Talking of déjà vu, it is a great pleasure to see—I will not call him my old opponent—my old sparring partner from the Bill, the hon. Member for Orpington, on the Committee. I hope he does not have too many senses of déjà vu, because I will be returning to one or two of the arguments we talked through on that Bill.

The Minister has laid out in considerable technical detail how this process has come about. That is welcome, as is the fact that the Government have listened to some of the elements relating to the operation of the penalty clauses.
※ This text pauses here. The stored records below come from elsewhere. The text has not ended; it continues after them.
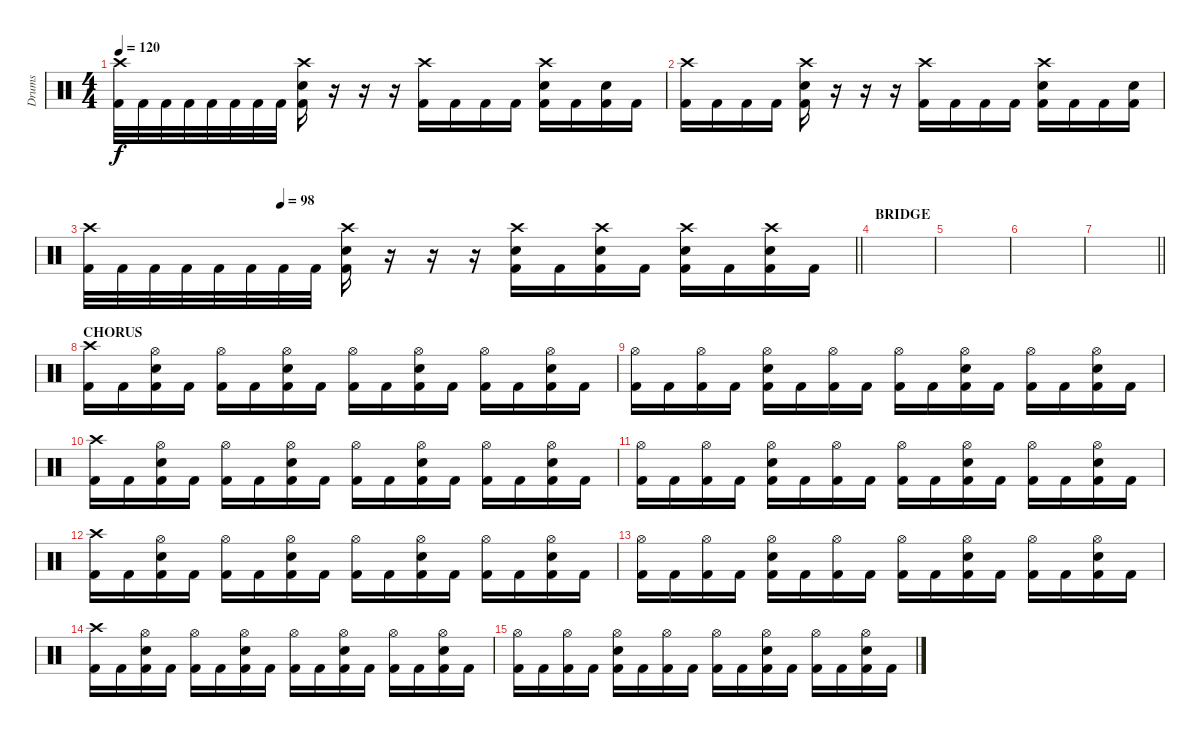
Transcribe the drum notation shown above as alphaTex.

\track ("Drums" "Drums") {instrument percussion}
\staff
\articulation defaults
\ts (4 4)
\tempo 120
\clef neutral
\ks c
("Crash high (hit)" "Kick (hit) 2").32{dy f} "Kick (hit) 2".32 "Kick (hit) 2".32 "Kick (hit) 2".32 "Kick (hit) 2".32 "Kick (hit) 2".32 "Kick (hit) 2".32 "Kick (hit) 2".32 ("Crash high (hit)" "Snare (hit) 2" "Kick (hit) 2").16 r.16 r.16 r.16 ("Crash high (hit)" "Kick (hit) 2").16 "Kick (hit) 2".16 "Kick (hit) 2".16 "Kick (hit) 2".16 ("Crash high (hit)" "Snare (hit) 2" "Kick (hit) 2").16 "Kick (hit) 2".16 ("Snare (hit) 2" "Kick (hit) 2").16 "Kick (hit) 2".16 |
("Crash high (hit)" "Kick (hit) 2").16 "Kick (hit) 2".16 "Kick (hit) 2".16 "Kick (hit) 2".16 ("Crash high (hit)" "Snare (hit) 2" "Kick (hit) 2").16 r.16 r.16 r.16 ("Crash high (hit)" "Kick (hit) 2").16 "Kick (hit) 2".16 "Kick (hit) 2".16 "Kick (hit) 2".16 ("Crash high (hit)" "Snare (hit) 2" "Kick (hit) 2").16 "Kick (hit) 2".16 "Kick (hit) 2".16 ("Snare (hit) 2" "Kick (hit) 2").16 |
\tempo (98 0.25)
\barLineRight lightlight
("Crash high (hit)" "Kick (hit) 2").32 "Kick (hit) 2".32 "Kick (hit) 2".32 "Kick (hit) 2".32 "Kick (hit) 2".32 "Kick (hit) 2".32 "Kick (hit) 2".32 "Kick (hit) 2".32 ("Crash high (hit)" "Snare (hit) 2" "Kick (hit) 2").16 r.16 r.16 r.16 ("Crash high (hit)" "Snare (hit) 2" "Kick (hit) 2").16 "Kick (hit) 2".16 ("Crash high (hit)" "Snare (hit) 2" "Kick (hit) 2").16 "Kick (hit) 2".16 ("Crash high (hit)" "Snare (hit) 2" "Kick (hit) 2").16 "Kick (hit) 2".16 ("Crash high (hit)" "Snare (hit) 2" "Kick (hit) 2").16 "Kick (hit) 2".16 |
\section ("" "BRIDGE")
|
|
|
\barLineRight lightlight
|
\section ("" "CHORUS")
("Crash high (hit)" "Kick (hit) 2").16 "Kick (hit) 2".16 ("Hi-Hat (open)" "Snare (hit) 2" "Kick (hit) 2").16 "Kick (hit) 2".16 ("Hi-Hat (open)" "Kick (hit) 2").16 "Kick (hit) 2".16 ("Hi-Hat (open)" "Snare (hit) 2" "Kick (hit) 2").16 "Kick (hit) 2".16 ("Hi-Hat (open)" "Kick (hit) 2").16 "Kick (hit) 2".16 ("Hi-Hat (open)" "Snare (hit) 2" "Kick (hit) 2").16 "Kick (hit) 2".16 ("Hi-Hat (open)" "Kick (hit) 2").16 "Kick (hit) 2".16 ("Hi-Hat (open)" "Snare (hit) 2" "Kick (hit) 2").16 "Kick (hit) 2".16 |
("Hi-Hat (open)" "Kick (hit) 2").16 "Kick (hit) 2".16 ("Hi-Hat (open)" "Kick (hit) 2").16 "Kick (hit) 2".16 ("Hi-Hat (open)" "Snare (hit) 2" "Kick (hit) 2").16 "Kick (hit) 2".16 ("Hi-Hat (open)" "Kick (hit) 2").16 "Kick (hit) 2".16 ("Hi-Hat (open)" "Kick (hit) 2").16 "Kick (hit) 2".16 ("Hi-Hat (open)" "Snare (hit) 2" "Kick (hit) 2").16 "Kick (hit) 2".16 ("Hi-Hat (open)" "Kick (hit) 2").16 "Kick (hit) 2".16 ("Hi-Hat (open)" "Snare (hit) 2" "Kick (hit) 2").16 "Kick (hit) 2".16 |
("Crash high (hit)" "Kick (hit) 2").16 "Kick (hit) 2".16 ("Hi-Hat (open)" "Snare (hit) 2" "Kick (hit) 2").16 "Kick (hit) 2".16 ("Hi-Hat (open)" "Kick (hit) 2").16 "Kick (hit) 2".16 ("Hi-Hat (open)" "Snare (hit) 2" "Kick (hit) 2").16 "Kick (hit) 2".16 ("Hi-Hat (open)" "Kick (hit) 2").16 "Kick (hit) 2".16 ("Hi-Hat (open)" "Snare (hit) 2" "Kick (hit) 2").16 "Kick (hit) 2".16 ("Hi-Hat (open)" "Kick (hit) 2").16 "Kick (hit) 2".16 ("Hi-Hat (open)" "Snare (hit) 2" "Kick (hit) 2").16 "Kick (hit) 2".16 |
("Hi-Hat (open)" "Kick (hit) 2").16 "Kick (hit) 2".16 ("Hi-Hat (open)" "Kick (hit) 2").16 "Kick (hit) 2".16 ("Hi-Hat (open)" "Snare (hit) 2" "Kick (hit) 2").16 "Kick (hit) 2".16 ("Hi-Hat (open)" "Kick (hit) 2").16 "Kick (hit) 2".16 ("Hi-Hat (open)" "Kick (hit) 2").16 "Kick (hit) 2".16 ("Hi-Hat (open)" "Snare (hit) 2" "Kick (hit) 2").16 "Kick (hit) 2".16 ("Hi-Hat (open)" "Kick (hit) 2").16 "Kick (hit) 2".16 ("Hi-Hat (open)" "Snare (hit) 2" "Kick (hit) 2").16 "Kick (hit) 2".16 |
("Crash high (hit)" "Kick (hit) 2").16 "Kick (hit) 2".16 ("Hi-Hat (open)" "Snare (hit) 2" "Kick (hit) 2").16 "Kick (hit) 2".16 ("Hi-Hat (open)" "Kick (hit) 2").16 "Kick (hit) 2".16 ("Hi-Hat (open)" "Snare (hit) 2" "Kick (hit) 2").16 "Kick (hit) 2".16 ("Hi-Hat (open)" "Kick (hit) 2").16 "Kick (hit) 2".16 ("Hi-Hat (open)" "Snare (hit) 2" "Kick (hit) 2").16 "Kick (hit) 2".16 ("Hi-Hat (open)" "Kick (hit) 2").16 "Kick (hit) 2".16 ("Hi-Hat (open)" "Snare (hit) 2" "Kick (hit) 2").16 "Kick (hit) 2".16 |
("Hi-Hat (open)" "Kick (hit) 2").16 "Kick (hit) 2".16 ("Hi-Hat (open)" "Kick (hit) 2").16 "Kick (hit) 2".16 ("Hi-Hat (open)" "Snare (hit) 2" "Kick (hit) 2").16 "Kick (hit) 2".16 ("Hi-Hat (open)" "Kick (hit) 2").16 "Kick (hit) 2".16 ("Hi-Hat (open)" "Kick (hit) 2").16 "Kick (hit) 2".16 ("Hi-Hat (open)" "Snare (hit) 2" "Kick (hit) 2").16 "Kick (hit) 2".16 ("Hi-Hat (open)" "Kick (hit) 2").16 "Kick (hit) 2".16 ("Hi-Hat (open)" "Snare (hit) 2" "Kick (hit) 2").16 "Kick (hit) 2".16 |
("Crash high (hit)" "Kick (hit) 2").16 "Kick (hit) 2".16 ("Hi-Hat (open)" "Snare (hit) 2" "Kick (hit) 2").16 "Kick (hit) 2".16 ("Hi-Hat (open)" "Kick (hit) 2").16 "Kick (hit) 2".16 ("Hi-Hat (open)" "Snare (hit) 2" "Kick (hit) 2").16 "Kick (hit) 2".16 ("Hi-Hat (open)" "Kick (hit) 2").16 "Kick (hit) 2".16 ("Hi-Hat (open)" "Snare (hit) 2" "Kick (hit) 2").16 "Kick (hit) 2".16 ("Hi-Hat (open)" "Kick (hit) 2").16 "Kick (hit) 2".16 ("Hi-Hat (open)" "Snare (hit) 2" "Kick (hit) 2").16 "Kick (hit) 2".16 |
("Hi-Hat (open)" "Kick (hit) 2").16 "Kick (hit) 2".16 ("Hi-Hat (open)" "Kick (hit) 2").16 "Kick (hit) 2".16 ("Hi-Hat (open)" "Snare (hit) 2" "Kick (hit) 2").16 "Kick (hit) 2".16 ("Hi-Hat (open)" "Kick (hit) 2").16 "Kick (hit) 2".16 ("Hi-Hat (open)" "Kick (hit) 2").16 "Kick (hit) 2".16 ("Hi-Hat (open)" "Snare (hit) 2" "Kick (hit) 2").16 "Kick (hit) 2".16 ("Hi-Hat (open)" "Kick (hit) 2").16 "Kick (hit) 2".16 ("Hi-Hat (open)" "Snare (hit) 2" "Kick (hit) 2").16 "Kick (hit) 2".16

On the subject of participation, I absolutely agree with the Minister. Indeed, I will praise my friend, as I can call him in a non-parliamentary position, the right hon. Member for South Holland and The Deepings. It is extremely important that the letter of the regulations embodies the spirit in which access and participation need to go forward, to which I will make a couple of references.

For the moment, I would just ask the Minister two or three questions on the text of the draft regulations. He referred to monetary penalties, a matter to which the OfS has regard. I refer to regulation 4, which mentions having regard to

“any financial or other gain made by the provider”

or “loss avoided”.

It is true that paragraph (g) refers to the impact this is likely to have on students on higher education courses, and on students in general. However, this matter goes beyond the implications for students of a particular refusal or monetary penalty. In my view, which I will come to in relation to another part of the proposals, the measure needs to involve as closely as possible both students and staff at the institutions concerned.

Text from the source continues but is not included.